Frente Parlamentar pela Previdência cobra diálogo com o governo para debater reforma

Entidades que compõem o grupo buscam unidade para barrar qualquer mudança que prejudique os trabalhadores

Formada por parlamentares, entidades sindicais e sociedade civil, a Frente Parlamentar Mista em Defesa pela Previdência Social se reuniu nesta quarta-feira (13), na sala de audiência da Câmara dos Deputados, em Brasília, em agenda preparatória para o lançamento da Frente na 56ª legislatura, que acontece no próximo dia 20 de março, no auditório Nereu Ramos, também na Câmara.

Segundo Flávio Werneck, representante da Central dos Sindicatos Brasileiros (CSB) no encontro, a segunda reunião marcou a importância do debate entre todos os entes envolvidos para apresentação de uma nova proposta de reforma.

“Houve um consenso da necessidade de diálogo direto com o governo para esta reforma da Previdência, o que ainda não houve, e de posicionamento, tanto no que diz respeito a propor alternativas, quanto, se necessário for, a unidade das representações para que a gente tenha força suficiente para alterar o que de pior vier para o trabalhador”, disse Werneck, vice-presidente da Central.

O dirigente também avaliou o peso da CSB no processo de construção da unidade e do diálogo com o governo.

“A CSB tem papel primordial nesta construção de unidade, tendo em vista que hoje representa tanto os servidores públicos quanto os trabalhadores da área privada.
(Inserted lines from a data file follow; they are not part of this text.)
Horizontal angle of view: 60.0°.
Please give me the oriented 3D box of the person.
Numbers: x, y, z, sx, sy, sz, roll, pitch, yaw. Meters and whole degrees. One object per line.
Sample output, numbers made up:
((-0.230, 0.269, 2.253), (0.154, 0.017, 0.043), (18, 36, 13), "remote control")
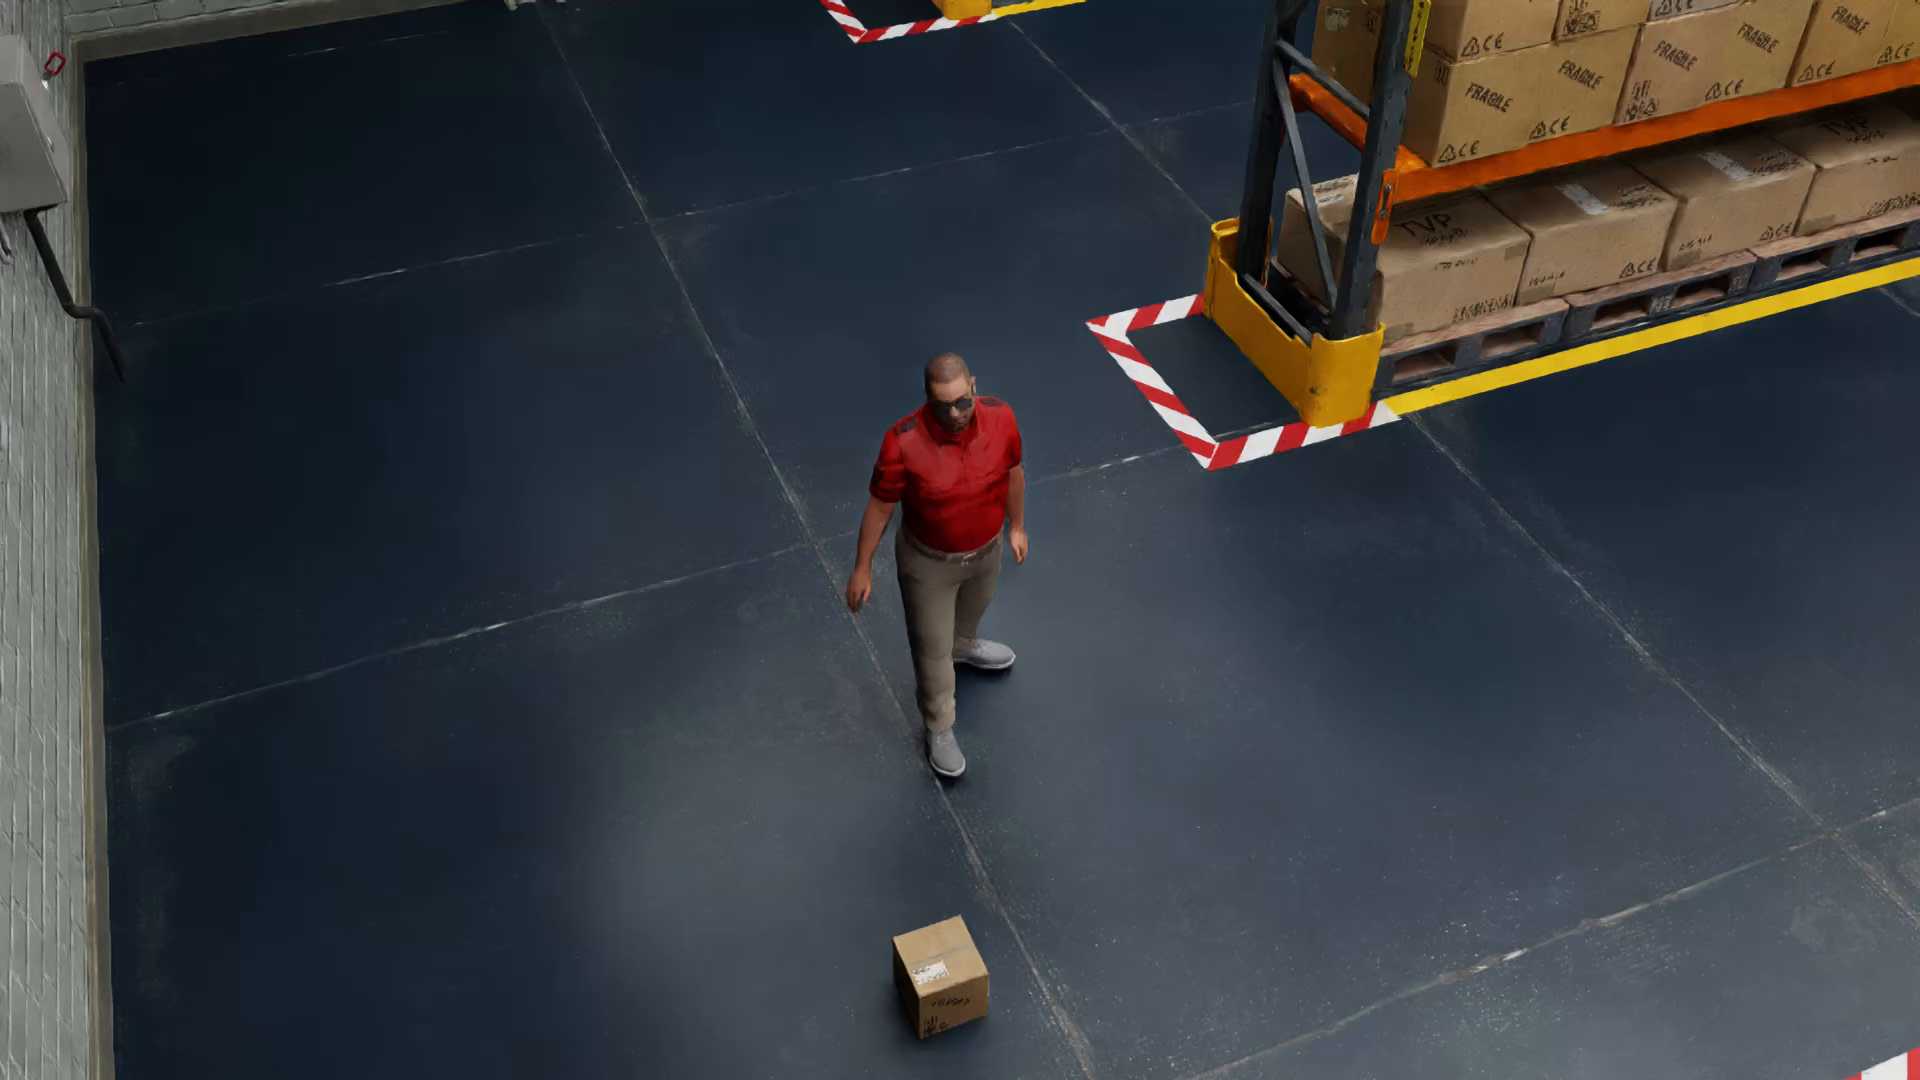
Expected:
((-0.048, 0.056, 6.095), (0.775, 1.715, 0.652), (-21, 46, -22), "person")
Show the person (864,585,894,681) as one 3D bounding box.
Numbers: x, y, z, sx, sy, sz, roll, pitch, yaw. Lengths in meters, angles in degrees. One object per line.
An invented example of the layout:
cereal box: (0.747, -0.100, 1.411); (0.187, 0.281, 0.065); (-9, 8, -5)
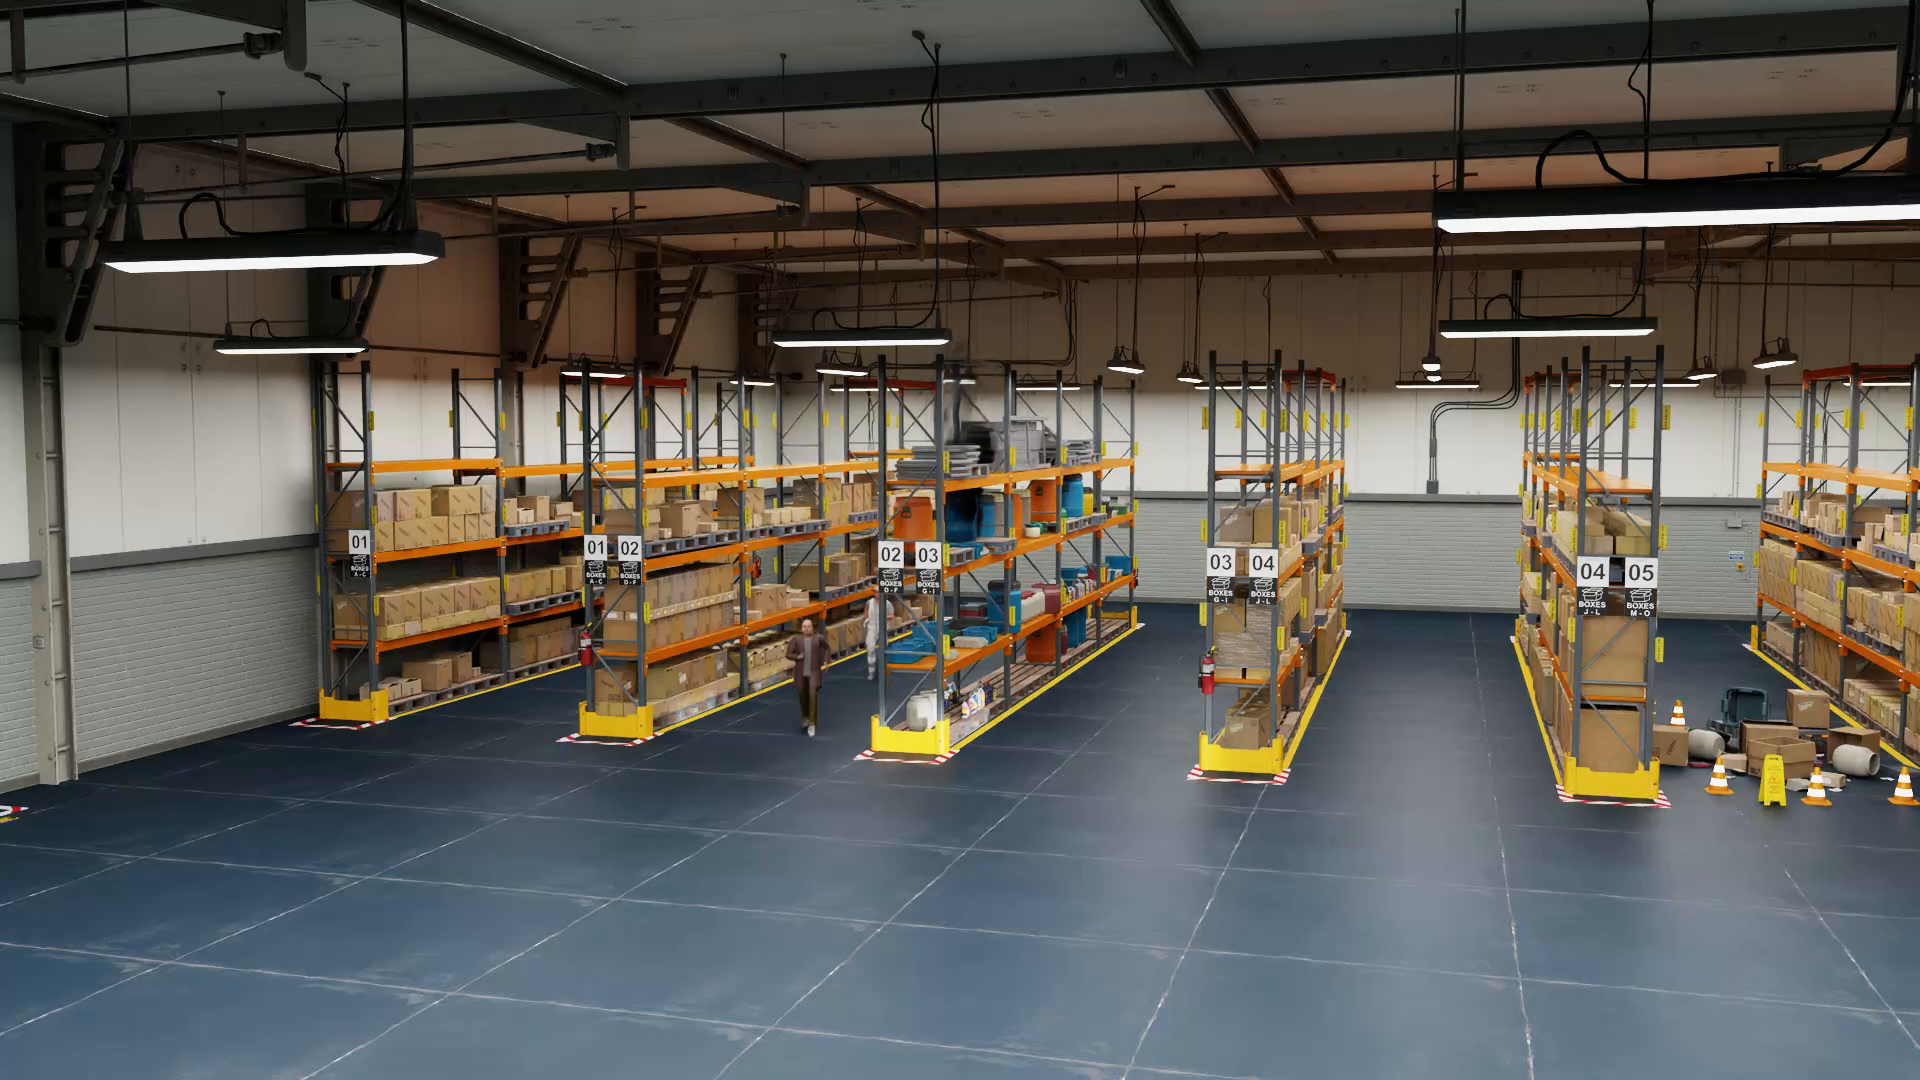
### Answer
person: (-1.586, 1.792, 32.405); (0.636, 1.847, 0.819); (1, 4, 8)

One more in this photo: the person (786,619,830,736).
person: (-2.450, 2.181, 26.763); (0.682, 1.816, 0.924); (0, 4, 2)
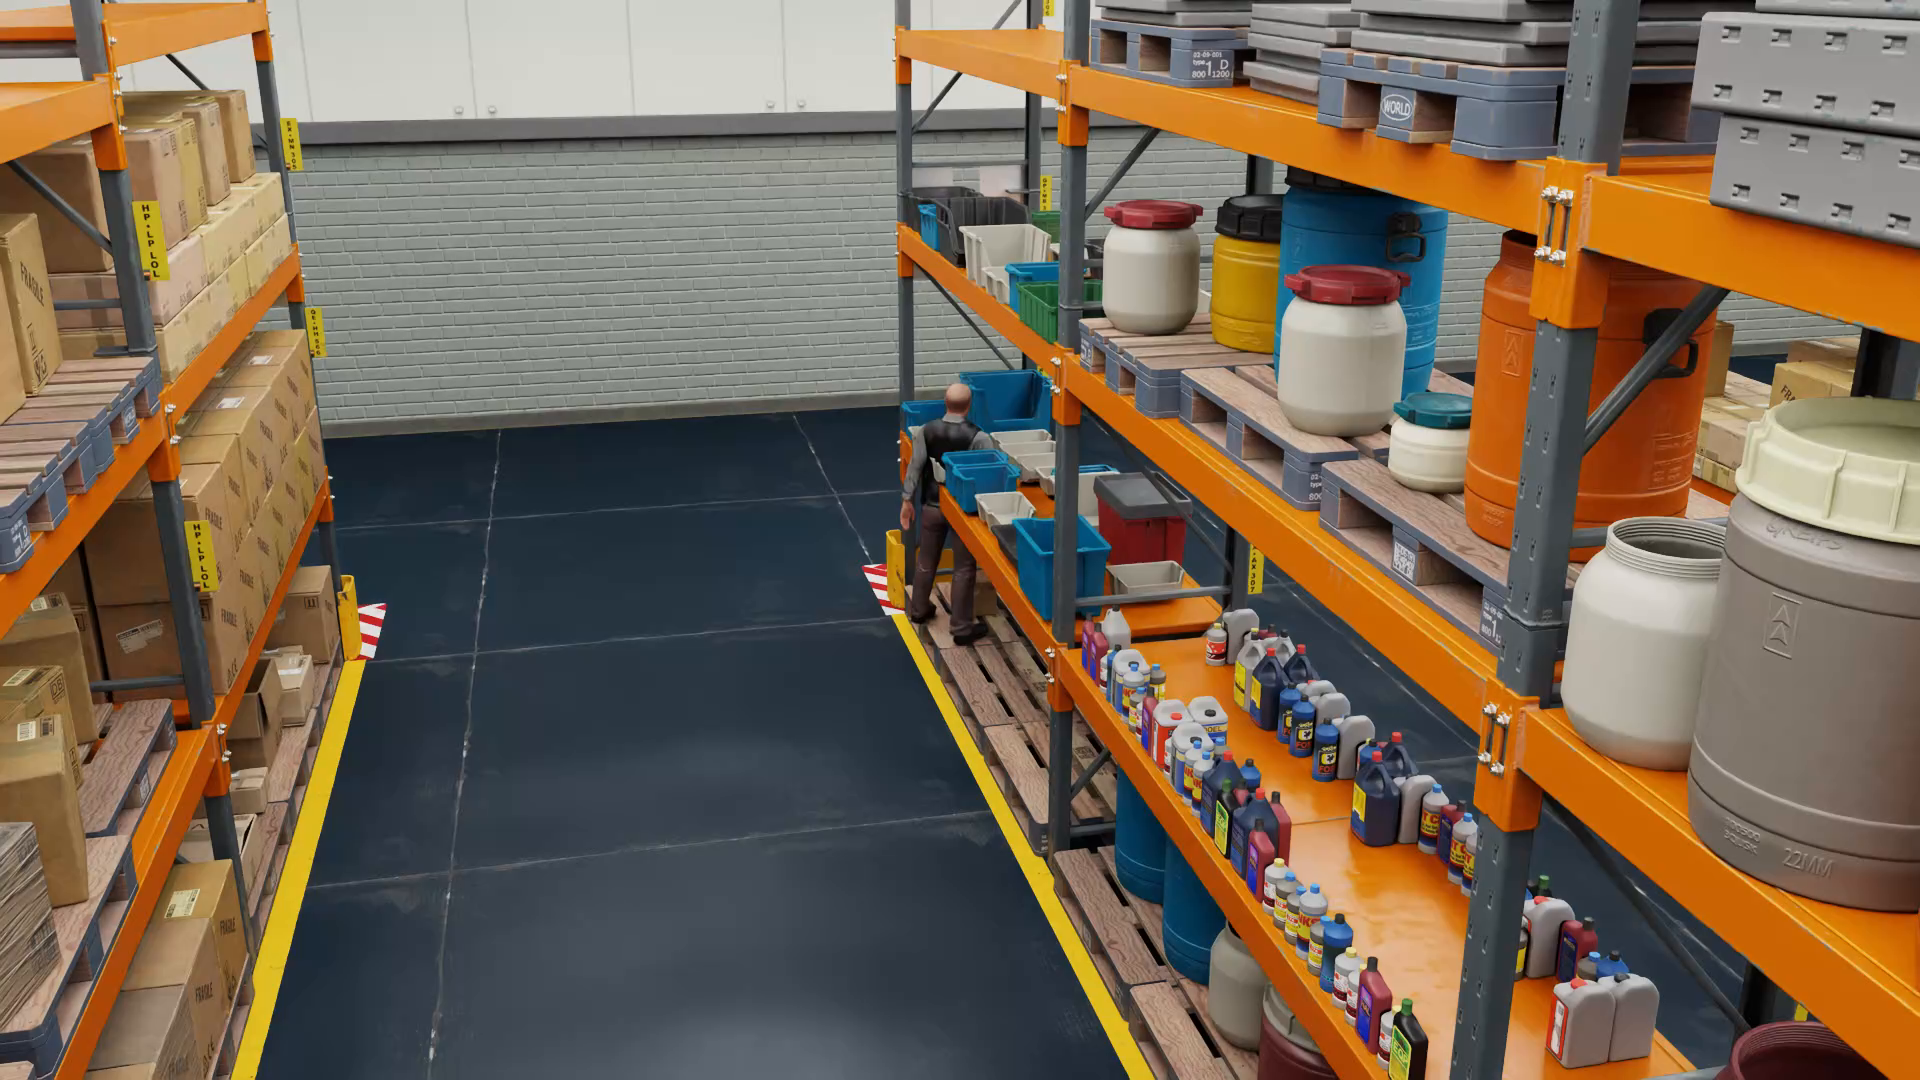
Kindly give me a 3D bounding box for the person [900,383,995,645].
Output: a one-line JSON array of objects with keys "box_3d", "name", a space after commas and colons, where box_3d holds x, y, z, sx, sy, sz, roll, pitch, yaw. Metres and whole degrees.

A Central teve papel fundamental nas discussões da reforma da Previdência do governo passado, que acabou não tendo êxito por conta da colaboração dos representantes legais ligados à CSB”, completou.

Mobilização popular

O assessor parlamentar da Central, Ernesto Pereira, que também representou a entidade na ocasião, expressou a importância de ter o apoio da população.

“O que vem por aí é a destruição do sistema de aposentadoria e de proteção social aos trabalhadores assalariados. Para se derrotar isso, o movimento sindical precisa ser vanguarda dessa mobilização, mas mobilizando a sociedade, para que a voz do povo chegue dentro do Congresso e a gente consiga ter os votos para barrar essa perda de direitos. Não há outra forma, senão com a mobilização da sociedade”, falou Pereira, que também enfatizou o caminho para a sociedade ficar ao lado do movimento.

“Precisamos ampliar esta Frente, que é mista, com a participação de outros setores. Precisamos desmascarar algumas coisas para a sociedade, como o falso déficit da Previdência e a sonegação das grandes empresas e grandes bancos, que consomem grande parte do nosso orçamento. Senão desmascarar isso, as pessoas acabam achando que a culpa é do tamanho do Estado. Precisamos mostrar isso para conseguir virar o jogo. Não basta somente articulação com deputados, é importante fazer mobilizações, além dos dirigentes terem que conversar em seus estados, com os parlamentares da sua base”, finalizou o assessor.

Durante o ato, a CSB assinou Nota Pública que faz críticas à reforma proposta pelo atual governo, cuja a minuta de texto foi vazada recentemente.

Na Nota, a Frente acredita que a reforma tende a transformar a Previdência Social em um produto de mercado e que alterando a base de cálculo, reduz significativamente o valor das aposentadorias. Com estímulo à atuação por meio de entidades estaduais e municipais, a Frente realizará mais três reuniões antes do lançamento.